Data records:
┄┄┄┄┄┄
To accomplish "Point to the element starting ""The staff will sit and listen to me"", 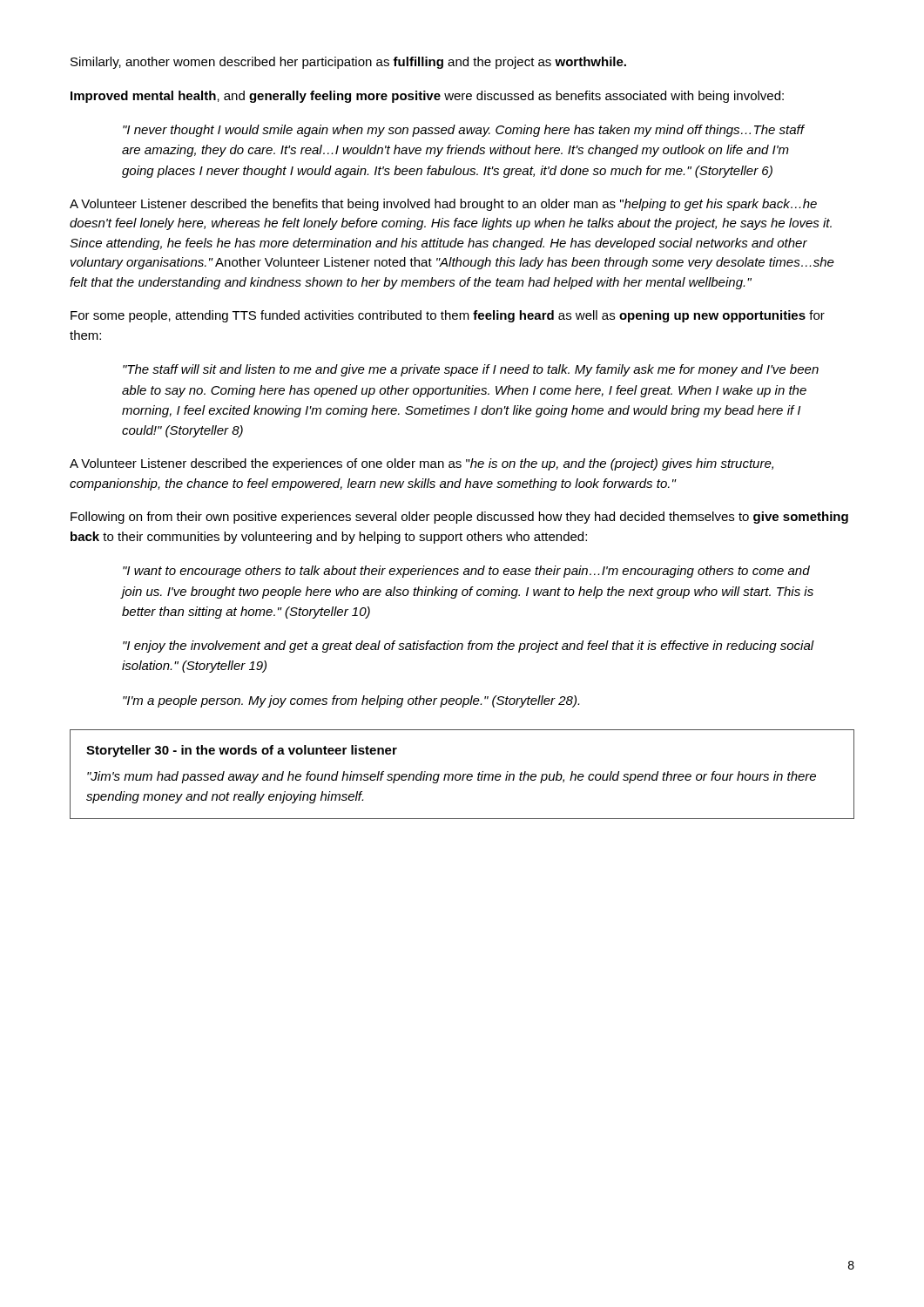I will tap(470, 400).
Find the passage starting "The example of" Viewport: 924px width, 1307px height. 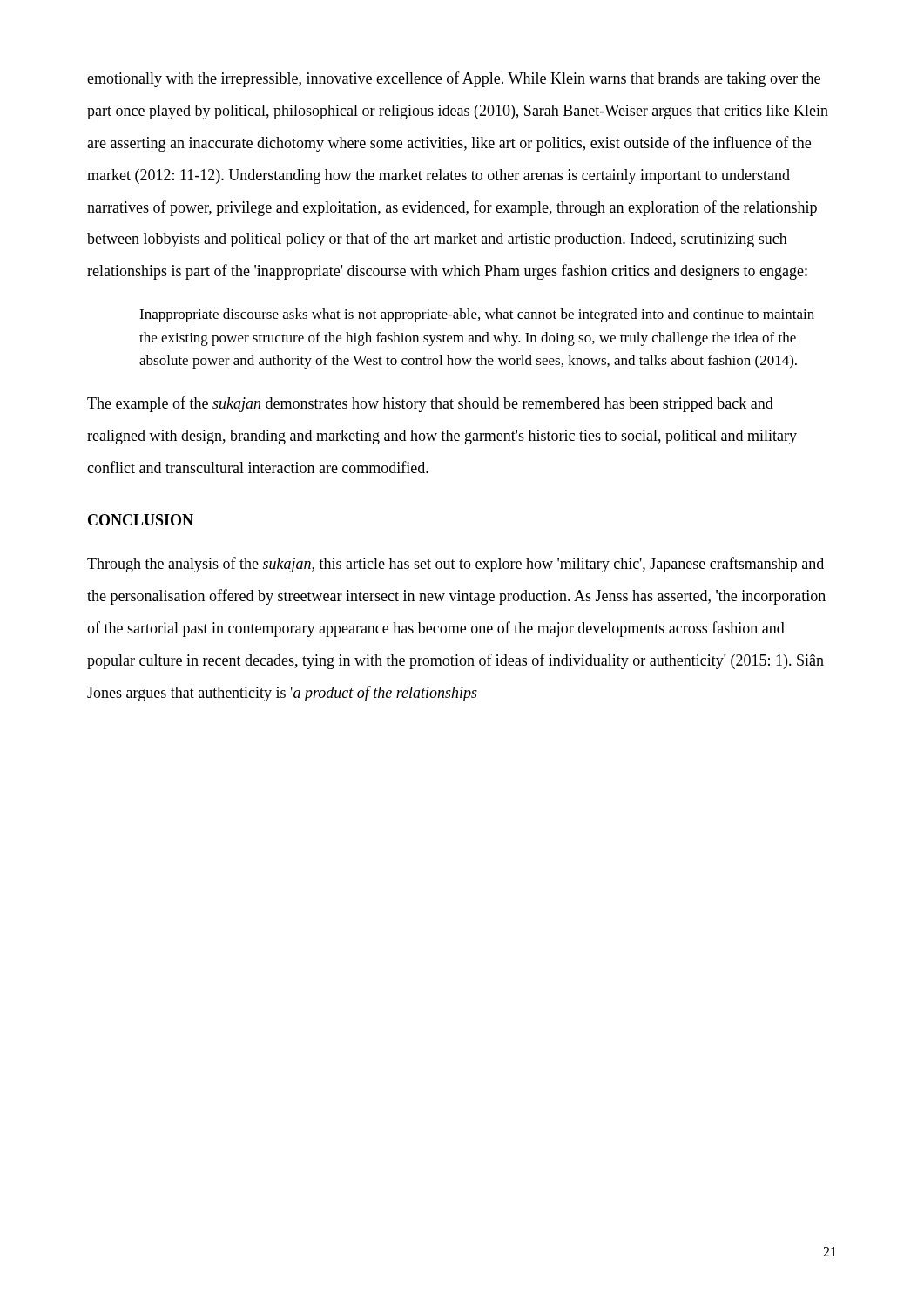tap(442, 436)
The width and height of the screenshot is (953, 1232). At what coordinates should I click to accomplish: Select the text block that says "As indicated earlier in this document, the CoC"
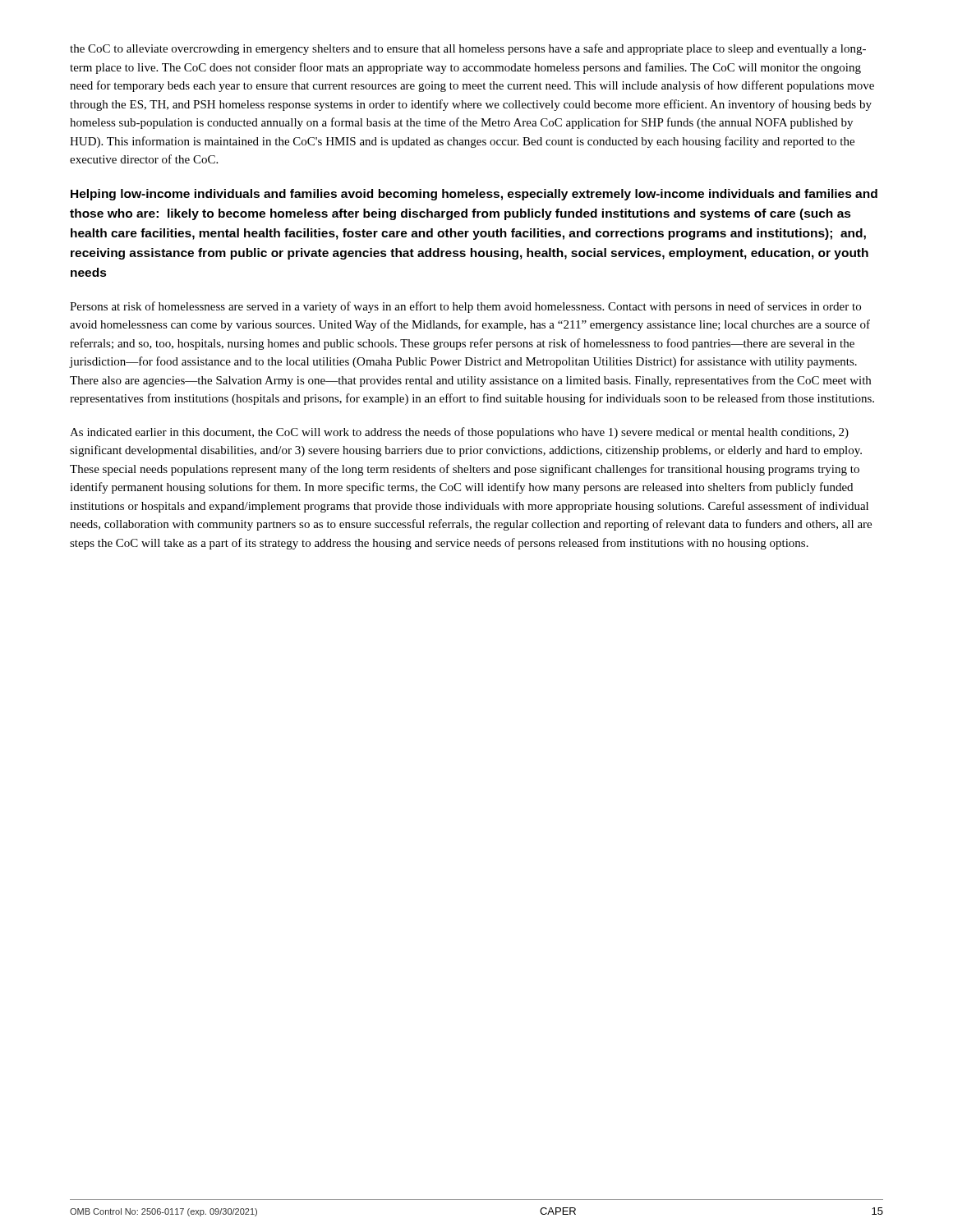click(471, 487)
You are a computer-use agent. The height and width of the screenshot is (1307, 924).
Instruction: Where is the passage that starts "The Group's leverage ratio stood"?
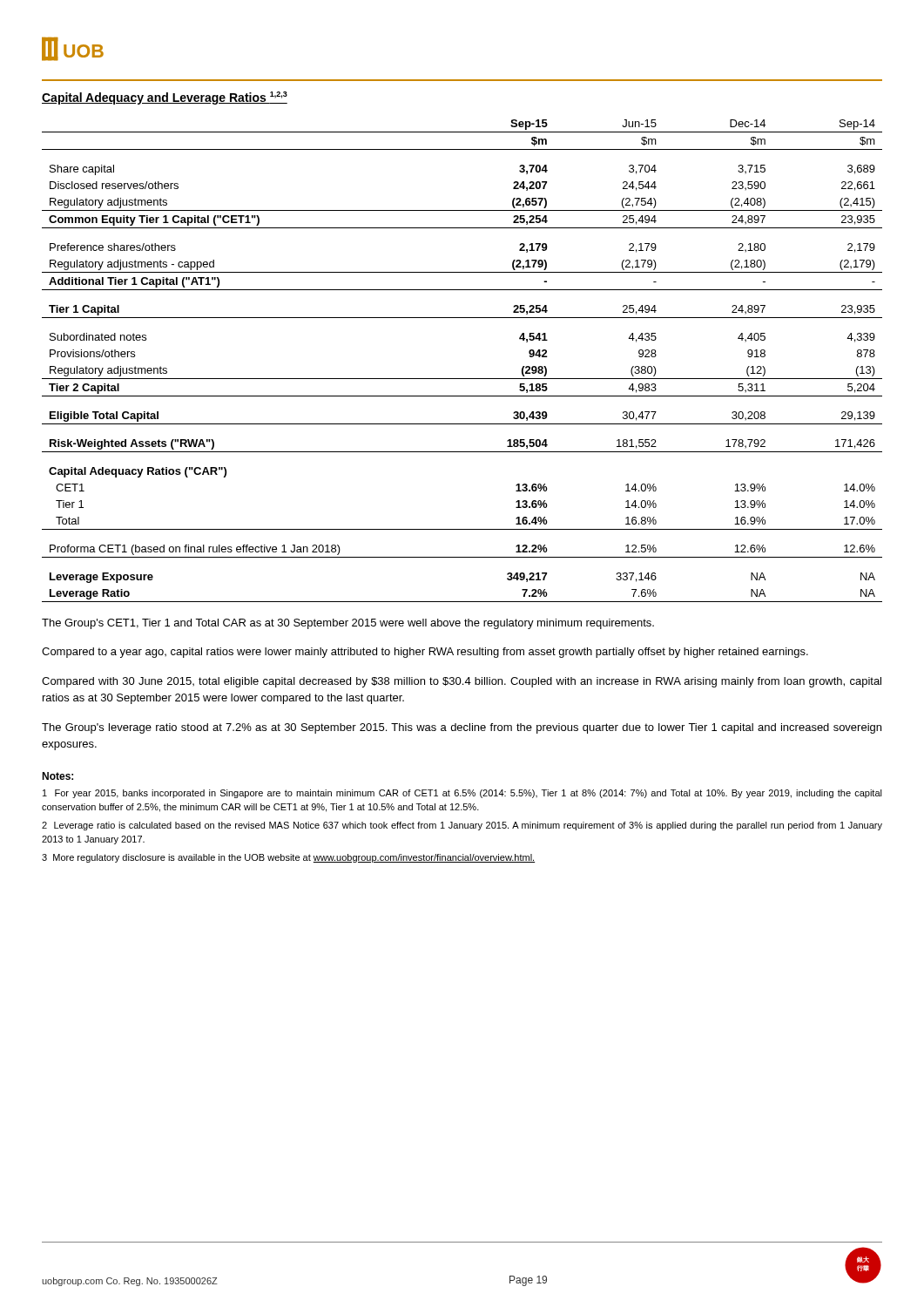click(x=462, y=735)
┄┄┄┄┄┄
GOAL OF THE EXERCISE:
Extract exactly the lines above from the line containing "Instruction: Where is" through the last one, both ends included, but not the pictures.

WRITTEN REPLY:
Instruction: Where is the passage that starts "The Group's leverage ratio stood"?
click(x=462, y=735)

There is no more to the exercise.